TLC Snow Div.;439114 said:


> Did he buy it new? what's next sirens and train hornes...


I gotta get myself another siren ....


----------



## Supper Grassy (May 31, 2007)

Can we get some pics of his Light set up? and yours


----------



## Mysticlandscape (Jan 19, 2006)

I will try and get a few tomorow or the next day.


----------



## tls22 (Sep 30, 2007)

Thats cool.....i use my tractor to push the piles to the street. I try to get all the leaves to the driveway, then push out with the bucket.

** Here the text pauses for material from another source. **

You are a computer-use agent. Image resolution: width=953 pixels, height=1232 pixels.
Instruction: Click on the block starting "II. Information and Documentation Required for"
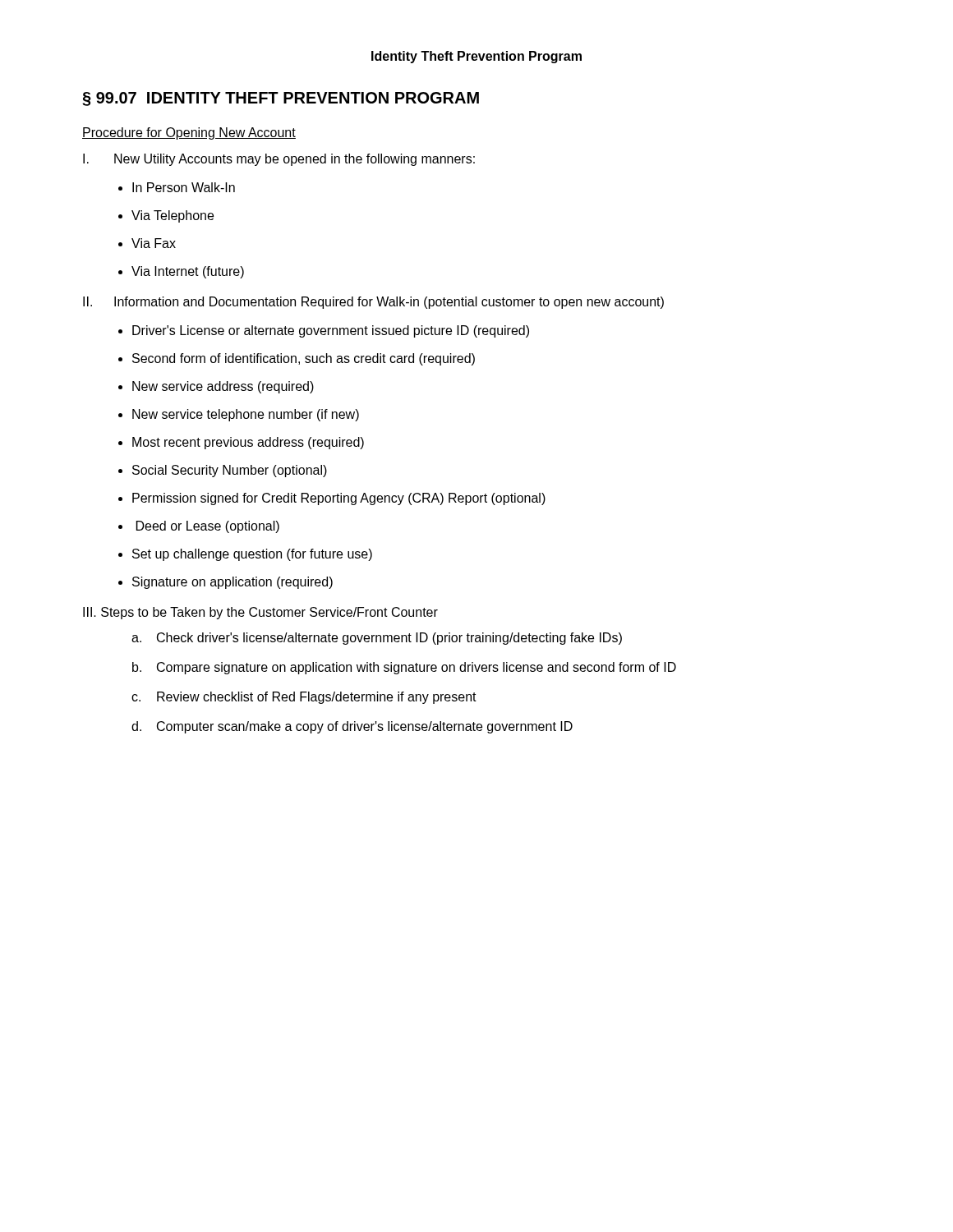coord(373,302)

I guess either way it works great!


----------



## mcwlandscaping (Sep 8, 2005)

That was awesome!! look like a lot of fun! most of all, it seemed to be very effective!


----------



## mcwlandscaping (Sep 8, 2005)

Here's the longer version:


----------



## TLC Snow Div. (Oct 28, 2007)

mcwlandscaping;439640 said:


> Here's the longer version:


Yeah that one is even betterwesport


----------



## TurbDies2500 (Oct 15, 2007)

hahah, thats pretty good. That truck has quite the strobe light setup. Jesus


----------



## Jt13speed (Nov 9, 2003)

Last year i used a kubota tractor with loader to load a huge pile of leaves into a 6x10 trailer and hauled them way out back to the edge of a clearing and dumped them. I thought it was quite a good idear, coming from a fit of genious do to being bored and lazy. haha


----------



## Mysticlandscape (Jan 19, 2006)

Yup, he is out of his mind, for every dollar he spends on lights he has to spend on his Girlfriend so it cost him double now, so he wont be getting anything else.


----------



## mike33087 (Feb 9, 2005)

lol thats an interesting way to control the habit lol


----------



## TLC Snow Div. (Oct 28, 2007)

Wonder who came up with that agreement. him or her. Probably spends every buck he makes...


----------



## bribrius (May 5, 2007)

i thought plows were for mailboxes. i know i have one in my sights for this season. 


good vid. thankx for posting it.


----------



## Mysticlandscape (Jan 19, 2006)

I don't know, im not sure if she holds him to it. I don't think there are any spots left to put lights, anybody got any ideas i am sure he would love to hear them.


----------



## TLC Snow Div. (Oct 28, 2007)

Mysticlandscape;440219 said:


> I don't know, im not sure if she holds him to it. I don't think there are any spots left to put lights, anybody got any ideas i am sure he would love to hear them.


One of the Landscapers in my area has an F550 dump truck and has the roof clearance lights. In those lights he has hideaways. Let me tell you its pretty nifty. A few of his other trucks have them too and all his trucks have blacked out windows and hideaways.

Does he have back up flood lights under the bumper?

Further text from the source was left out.